> [ENTRIES PROVIDED]
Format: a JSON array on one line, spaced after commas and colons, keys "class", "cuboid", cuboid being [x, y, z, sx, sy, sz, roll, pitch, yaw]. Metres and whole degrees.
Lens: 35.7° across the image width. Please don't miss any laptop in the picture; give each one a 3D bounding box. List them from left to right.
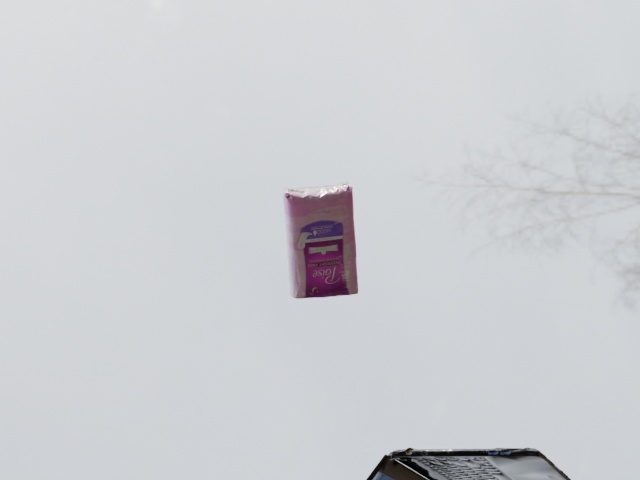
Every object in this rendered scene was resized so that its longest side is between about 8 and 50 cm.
[{"class": "laptop", "cuboid": [0.152, 0.331, 1.145, 0.234, 0.264, 0.137, 43, -133, -55]}]

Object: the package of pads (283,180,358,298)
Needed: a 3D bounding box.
[{"class": "package of pads", "cuboid": [0.000, 0.000, 0.720, 0.050, 0.032, 0.083, -5, -70, -5]}]
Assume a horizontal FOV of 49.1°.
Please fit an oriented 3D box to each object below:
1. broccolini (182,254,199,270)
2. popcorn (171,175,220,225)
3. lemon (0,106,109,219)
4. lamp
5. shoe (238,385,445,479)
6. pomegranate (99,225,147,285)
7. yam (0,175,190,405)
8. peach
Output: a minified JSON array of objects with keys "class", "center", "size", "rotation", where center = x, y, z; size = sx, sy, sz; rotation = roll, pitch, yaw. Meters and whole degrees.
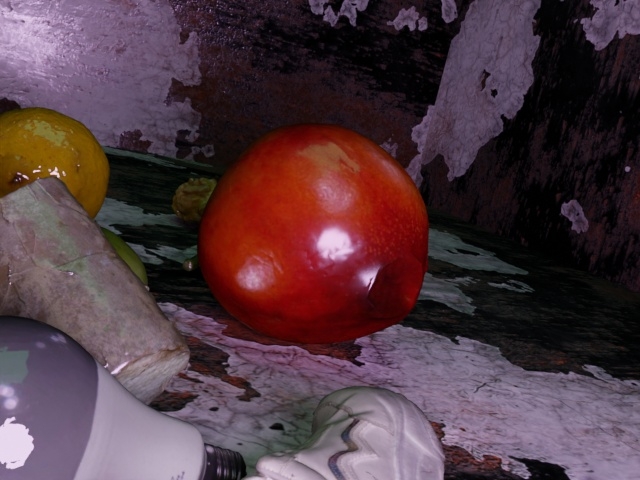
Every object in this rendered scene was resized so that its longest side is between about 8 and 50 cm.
[{"class":"broccolini","center":[-0.246,0.020,1.530],"size":[0.067,0.058,0.216],"rotation":[19,13,11]},{"class":"popcorn","center":[-0.315,-0.100,1.858],"size":[0.167,0.152,0.148],"rotation":[17,-16,25]},{"class":"lemon","center":[-0.547,-0.124,1.357],"size":[0.293,0.292,0.293],"rotation":[13,11,-3]},{"class":"lamp","center":[-0.217,0.191,0.589],"size":[0.314,0.182,0.182],"rotation":[45,-7,-31]},{"class":"shoe","center":[0.006,0.225,0.626],"size":[0.211,0.132,0.342],"rotation":[13,14,-16]},{"class":"pomegranate","center":[-0.326,0.070,0.940],"size":[0.182,0.181,0.224],"rotation":[9,-11,-21]},{"class":"yam","center":[-0.274,0.068,0.745],"size":[0.268,0.161,0.161],"rotation":[50,20,9]},{"class":"peach","center":[0.000,0.000,1.167],"size":[0.389,0.387,0.388],"rotation":[13,11,-3]}]
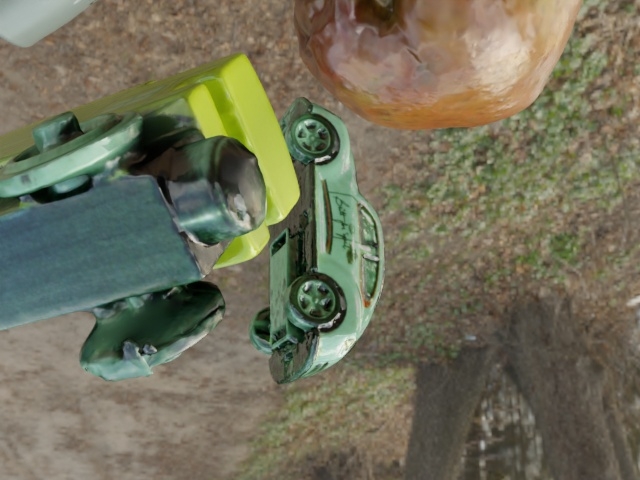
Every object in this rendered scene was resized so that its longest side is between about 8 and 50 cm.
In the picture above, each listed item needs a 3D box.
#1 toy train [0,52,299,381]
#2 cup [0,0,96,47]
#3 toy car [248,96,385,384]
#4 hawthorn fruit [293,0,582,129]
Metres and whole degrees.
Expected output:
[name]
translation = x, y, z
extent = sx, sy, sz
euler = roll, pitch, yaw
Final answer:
[toy train]
translation = -0.219, -0.010, 0.632
extent = 0.442, 0.272, 0.179
euler = -14, 112, 23
[cup]
translation = -0.281, -0.366, 0.864
extent = 0.234, 0.258, 0.186
euler = -31, 136, 6
[toy car]
translation = 0.000, 0.000, 0.860
extent = 0.125, 0.306, 0.136
euler = 9, 157, -20
[hawthorn fruit]
translation = 0.160, -0.385, 1.241
extent = 0.471, 0.472, 0.472
euler = 1, 155, 1
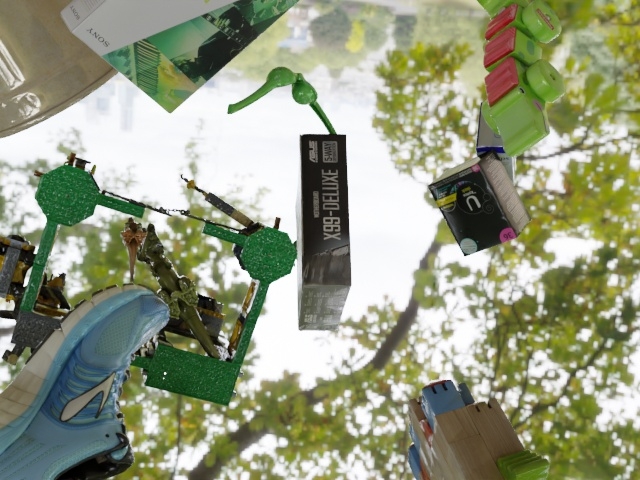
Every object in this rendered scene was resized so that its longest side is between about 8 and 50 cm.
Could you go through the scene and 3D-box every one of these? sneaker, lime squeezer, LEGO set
[{"bbox_3d":[-0.123,0.091,0.402,0.073,0.063,0.162,32,-133,2],"label":"sneaker"},{"bbox_3d":[-0.047,-0.259,1.446,0.059,0.110,0.310,-12,168,36],"label":"lime squeezer"},{"bbox_3d":[-0.201,0.042,0.901,0.331,0.255,0.192,9,-175,-16],"label":"LEGO set"}]

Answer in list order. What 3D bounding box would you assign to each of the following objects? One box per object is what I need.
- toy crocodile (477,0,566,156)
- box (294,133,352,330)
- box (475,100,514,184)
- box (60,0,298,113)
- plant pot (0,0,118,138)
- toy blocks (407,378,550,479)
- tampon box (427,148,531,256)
[{"bbox_3d":[0.294,-0.271,1.191,0.105,0.340,0.115,26,142,-27],"label":"toy crocodile"},{"bbox_3d":[0.000,0.000,1.278,0.076,0.242,0.307,0,162,-3],"label":"box"},{"bbox_3d":[0.360,-0.195,1.587,0.072,0.126,0.137,2,147,16],"label":"box"},{"bbox_3d":[-0.177,-0.354,1.133,0.058,0.322,0.232,56,-171,32],"label":"box"},{"bbox_3d":[-0.579,-0.406,1.465,0.334,0.305,0.334,-21,-151,12],"label":"plant pot"},{"bbox_3d":[0.219,0.345,1.200,0.190,0.381,0.261,-15,-134,-9],"label":"toy blocks"},{"bbox_3d":[0.307,-0.072,1.502,0.120,0.161,0.101,-25,-172,38],"label":"tampon box"}]
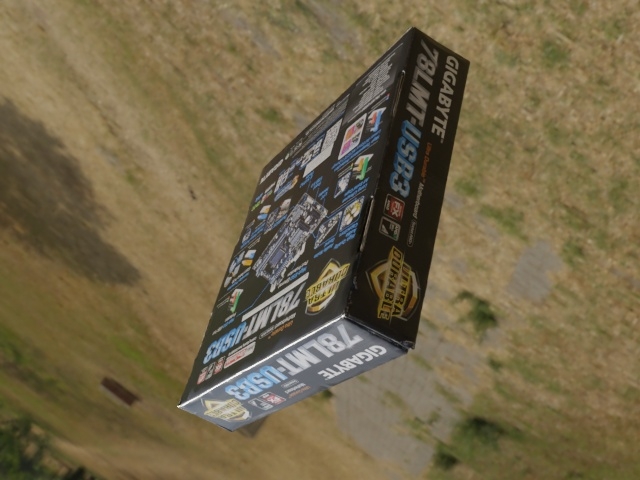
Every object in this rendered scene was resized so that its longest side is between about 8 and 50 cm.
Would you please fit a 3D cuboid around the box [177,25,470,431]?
[{"bbox_3d":[0.000,0.000,0.833,0.073,0.293,0.295,27,145,-20],"label":"box"}]
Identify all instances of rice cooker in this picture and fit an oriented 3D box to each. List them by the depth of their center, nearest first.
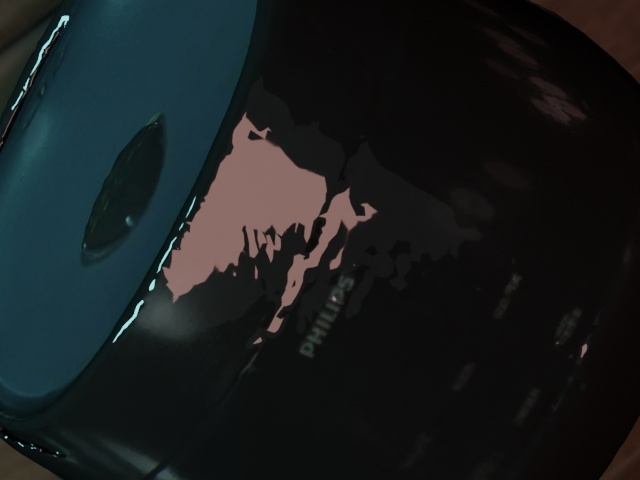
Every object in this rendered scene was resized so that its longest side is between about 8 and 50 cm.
[{"bbox_3d":[0.000,0.000,0.703,0.224,0.267,0.267,22,100,-29],"label":"rice cooker"}]
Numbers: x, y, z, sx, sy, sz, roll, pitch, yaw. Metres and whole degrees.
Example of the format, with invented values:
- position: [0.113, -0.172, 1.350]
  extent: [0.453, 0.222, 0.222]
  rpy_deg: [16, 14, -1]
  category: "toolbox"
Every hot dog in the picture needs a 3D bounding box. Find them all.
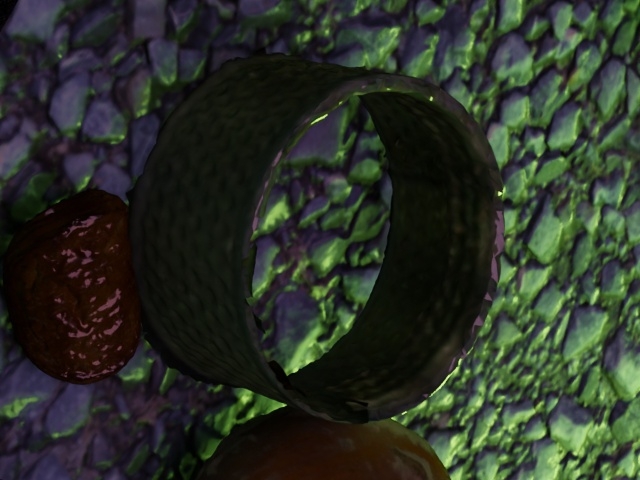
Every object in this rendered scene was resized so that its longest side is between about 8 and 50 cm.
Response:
- position: [-0.169, 0.031, 1.174]
  extent: [0.099, 0.065, 0.147]
  rpy_deg: [-29, 131, -33]
  category: "hot dog"

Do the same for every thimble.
- position: [0.000, 0.000, 1.252]
  extent: [0.271, 0.150, 0.271]
  rpy_deg: [-10, 105, -38]
  category: "thimble"

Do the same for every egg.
- position: [0.001, 0.221, 1.293]
  extent: [0.233, 0.195, 0.195]
  rpy_deg: [0, 102, -45]
  category: "egg"

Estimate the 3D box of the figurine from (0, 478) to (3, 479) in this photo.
- position: [-0.275, 0.266, 1.122]
  extent: [0.138, 0.110, 0.245]
  rpy_deg: [16, 98, -25]
  category: "figurine"

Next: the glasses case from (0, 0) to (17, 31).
- position: [-0.271, -0.132, 1.026]
  extent: [0.122, 0.082, 0.321]
  rpy_deg: [37, 78, -40]
  category: "glasses case"
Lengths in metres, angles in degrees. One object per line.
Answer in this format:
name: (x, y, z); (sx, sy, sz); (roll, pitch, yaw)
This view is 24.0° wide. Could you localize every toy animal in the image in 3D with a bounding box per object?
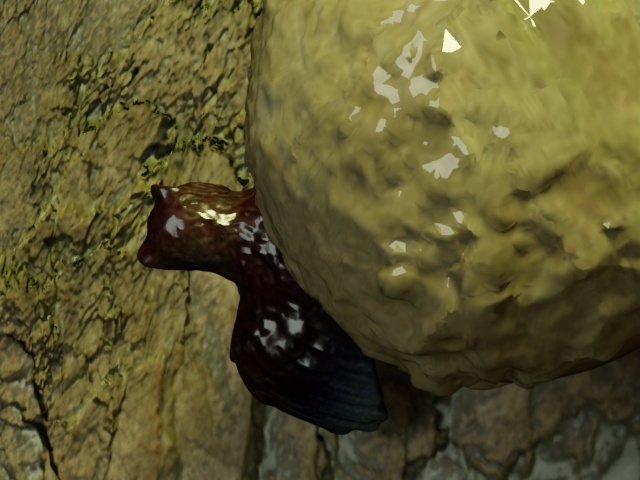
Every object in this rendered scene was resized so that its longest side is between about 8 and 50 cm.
toy animal: (-0.009, -0.001, 0.874); (0.116, 0.179, 0.218); (164, 115, -73)

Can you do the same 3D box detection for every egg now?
egg: (0.091, -0.072, 0.713); (0.279, 0.279, 0.310); (-29, 44, 41)

> [WHAT TO PRODUCE] Only one number is wanted: how many lines of the listing above hold the word "array".

> [ANSWER SPACE] 2